• _What the task requires_
Which of the lines below include the word "output"? Pull each one out.

# # # # #

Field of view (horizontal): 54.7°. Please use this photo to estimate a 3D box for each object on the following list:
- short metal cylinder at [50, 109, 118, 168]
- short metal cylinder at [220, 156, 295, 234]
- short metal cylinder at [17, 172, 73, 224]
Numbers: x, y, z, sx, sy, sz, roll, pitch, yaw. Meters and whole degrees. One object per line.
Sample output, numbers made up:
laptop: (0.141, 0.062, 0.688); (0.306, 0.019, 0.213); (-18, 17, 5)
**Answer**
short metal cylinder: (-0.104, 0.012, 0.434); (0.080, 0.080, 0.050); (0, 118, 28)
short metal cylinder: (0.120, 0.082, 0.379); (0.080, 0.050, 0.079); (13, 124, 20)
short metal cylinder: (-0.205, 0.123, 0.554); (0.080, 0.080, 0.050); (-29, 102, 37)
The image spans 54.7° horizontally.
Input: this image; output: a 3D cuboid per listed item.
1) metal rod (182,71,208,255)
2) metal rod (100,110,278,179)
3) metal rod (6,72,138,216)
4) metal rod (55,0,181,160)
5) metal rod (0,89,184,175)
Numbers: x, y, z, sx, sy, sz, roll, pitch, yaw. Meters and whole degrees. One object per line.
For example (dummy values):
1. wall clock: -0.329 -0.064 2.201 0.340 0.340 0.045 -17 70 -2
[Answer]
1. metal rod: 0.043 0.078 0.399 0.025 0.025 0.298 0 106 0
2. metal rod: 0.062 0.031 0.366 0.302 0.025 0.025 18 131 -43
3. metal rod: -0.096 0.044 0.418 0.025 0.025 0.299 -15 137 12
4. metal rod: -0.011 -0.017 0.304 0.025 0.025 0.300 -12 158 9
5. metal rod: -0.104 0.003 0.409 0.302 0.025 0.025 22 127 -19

# # # # #

• _Reply to the task_
Sample output, numbers made up:
Input: this image; output: a 3D cuboid per listed item.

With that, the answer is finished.